TL;DR I'll be updating the fast Merkle-tree spec to use a different

IV, using (for infrastructure compatability reasons) the scheme

provided by Peter Todd.

This is a specific instance of a general problem where you cannot

trust scripts given to you by another party. Notice that we run into

the same sort of problem when doing key aggregation, in which you must

require the other party to prove knowledge of the discrete log before

using their public key, or else key cancellation can occur.

With script it is a little bit more complicated as you might want

zero-knowledge proofs of hash pre-images for HTLCs as well as proofs

of DL knowledge (signatures), but the basic idea is the same. Multi-

party wallet level protocols for jointly constructing scriptPubKeys

should require a 'delinearization' step that proves knowledge of

information necessary to complete each part of the script, as part of

proving the safety of a construct.

I think my hangup before in understanding the attack you describe was

in actualizing it into a practical attack that actually escalates the

attacker's capabilities. If the attacker can get you to agree to a

MAST policy that is nothing more than a CHECKSIG over a key they

presumably control, then they don't need to do any complicated

grinding. The attacker in that scenario would just actually specify a

key they control and take the funds that way.

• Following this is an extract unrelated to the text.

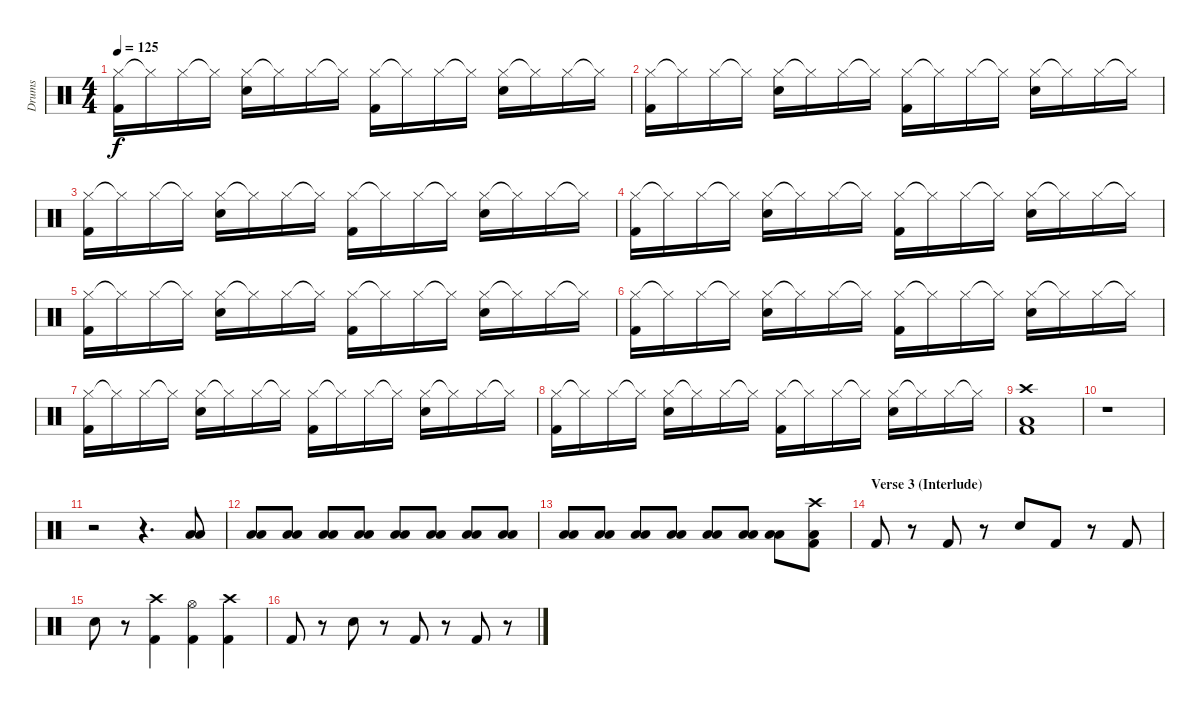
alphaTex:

Where this presumably leads to an actual exploit is when you specify a

script that a curious counter-party actually takes the time to

investigate and believes to be secure. For example, a script that

requires a signature or pre-image revelation from that counter-party.

That would require grinding not a few bytes, but at minimum 20-33

bytes for either a HASH160 image or the counter-party's key.

If I understand the revised attack description correctly, then there

is a small window in which the attacker can create a script less than

55 bytes in length, where nearly all of the first 32 bytes are

selected by the attacker, yet nevertheless the script seems safe to

the counter-party. The smallest such script I was able to construct

was the following:

<fake-pubkey> CHECKSIGVERIFY HASH160 <preimage> EQUAL

This is 56 bytes and requires only 7 bits of grinding in the fake

pubkey. But 56 bytes is too large. Switching to secp256k1 serialized

32-byte pubkeys (in a script version upgrade, for example) would

reduce this to the necessary 55 bytes with 0 bits of grinding. A

smaller variant is possible:

DUP HASH160 <fake-pubkey-hash> EQUALVERIFY CHECKSIGVERIFY HASH160 <preimage> EQUAL

This is 46 bytes, but requires grinding 96 bits, which is a bit less

plausible.

Belts and suspenders are not so terrible together, however, and I

think there is enough of a justification here to look into modifying

the scheme to use a different IV for hash tree updates. This would

prevent even the above implausible attacks.

*Post by Mark Friedenbach via bitcoin-dev*I've been puzzling over your email since receiving it. I'm not sure it

is possible to perform the attack you describe with the tree structure

specified in the BIP. If I may rephrase your attack, I believe you are

Want: An innocuous script and a malign script for which

double-SHA256(innocuous)

is equal to either

fast-SHA256(double-SHA256(malign) || r) or

fast-SHA256(r || double-SHA256(malign))

or fast-SHA256(fast-SHA256(double-SHA256(malign) || r1) || r0)

or fast-SHA256(fast-SHA256(r1 || double-SHA256(malign)) || r0)

or ...

where r is a freely chosen 32-byte nonce. This would allow the

attacker to reveal the innocuous script before funds are sent to the

MAST, then use the malign script to spend.

Because of the double-SHA256 construction I do not see how this can be

accomplished without a full break of SHA256.

The particular scenario I'm imagining is a collision between

double-SHA256(innocuous)

and

fast-SHA256(fast-SHA256(fast-SHA256(double-SHA256(malign) || r2) || r1) || r0).

where innocuous is a Bitcoin Script that is between 32 and 55 bytes long.

Observe that when data is less than 55 bytes then double-SHA256(data) = fast-SHA256(fast-SHA256(padding-SHA256(data)) || 0x8000...100) (which is really the crux of the matter).

Therefore, to get our collision it suffices to find a collision between

padding-SHA256(innocuous)

and

fast-SHA256(double-SHA256(malign) || r2) || r1

r1 can freely be set to the second half of padding-SHA256(innocuous), so it suffices to find a collision between

fast-SHA256(double-SHA256(malign) || r2)

and the first half of padding-SHA256(innocuous) which is equal to the first 32 bytes of innocuous.

Imagine the first opcode of innocuous is the push of a value that the attacker claims to be his 33-byte public key.

So long as the attacker doesn't need to prove that they know the discrete log of this pubkey, they can grind r2 until the result of fast-SHA256(double-SHA256(malign) || r2) contains the correct first couple of bytes for the script header and the opcode for a 33-byte push. I believe that is only about 3 or 4 bytes of they need to grind out.